■ WHAT THE TASK ASKS ■
In the material below, identify each line bearing the word "with". Reproduce those lines.

--------

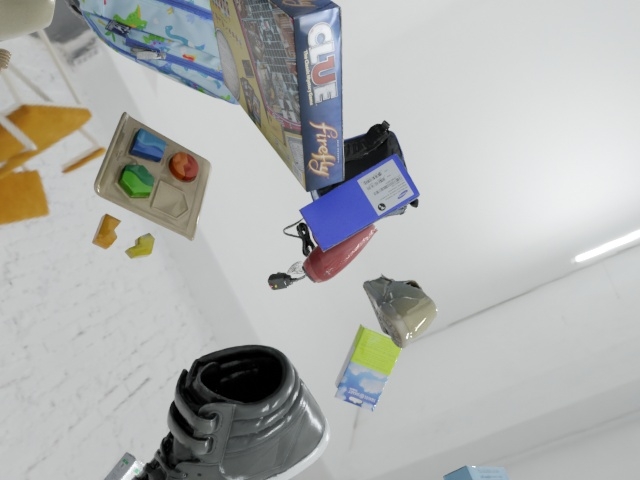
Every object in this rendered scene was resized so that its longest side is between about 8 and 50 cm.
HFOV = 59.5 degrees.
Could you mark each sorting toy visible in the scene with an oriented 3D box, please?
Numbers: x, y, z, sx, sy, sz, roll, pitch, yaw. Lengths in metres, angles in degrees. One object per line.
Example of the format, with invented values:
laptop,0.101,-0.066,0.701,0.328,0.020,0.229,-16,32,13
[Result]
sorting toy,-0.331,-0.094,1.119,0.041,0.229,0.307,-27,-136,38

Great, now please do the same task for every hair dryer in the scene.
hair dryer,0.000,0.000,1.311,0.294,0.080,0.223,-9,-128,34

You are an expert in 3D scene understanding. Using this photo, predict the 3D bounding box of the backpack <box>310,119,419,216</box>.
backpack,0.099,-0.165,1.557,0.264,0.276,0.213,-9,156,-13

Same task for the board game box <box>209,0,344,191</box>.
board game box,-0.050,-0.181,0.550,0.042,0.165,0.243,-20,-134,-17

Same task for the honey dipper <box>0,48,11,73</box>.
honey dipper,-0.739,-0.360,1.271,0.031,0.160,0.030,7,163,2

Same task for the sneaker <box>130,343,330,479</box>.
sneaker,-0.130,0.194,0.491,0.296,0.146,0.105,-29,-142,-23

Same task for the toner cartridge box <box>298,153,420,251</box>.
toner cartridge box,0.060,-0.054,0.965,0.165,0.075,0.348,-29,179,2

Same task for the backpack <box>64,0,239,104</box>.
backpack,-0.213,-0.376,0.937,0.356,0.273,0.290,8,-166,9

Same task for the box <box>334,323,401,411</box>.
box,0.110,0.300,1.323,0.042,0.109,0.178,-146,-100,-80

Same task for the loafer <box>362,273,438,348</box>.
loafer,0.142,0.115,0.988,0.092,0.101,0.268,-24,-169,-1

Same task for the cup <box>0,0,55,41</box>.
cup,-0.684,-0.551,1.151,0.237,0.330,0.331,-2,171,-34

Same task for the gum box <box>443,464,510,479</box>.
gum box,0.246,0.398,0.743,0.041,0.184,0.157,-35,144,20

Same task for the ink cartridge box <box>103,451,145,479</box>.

--------

■ EXERCISE RESPONSE ■
Could you mark each sorting toy visible in the scene with an oriented 3D box, please?
Example of the format, with invented values:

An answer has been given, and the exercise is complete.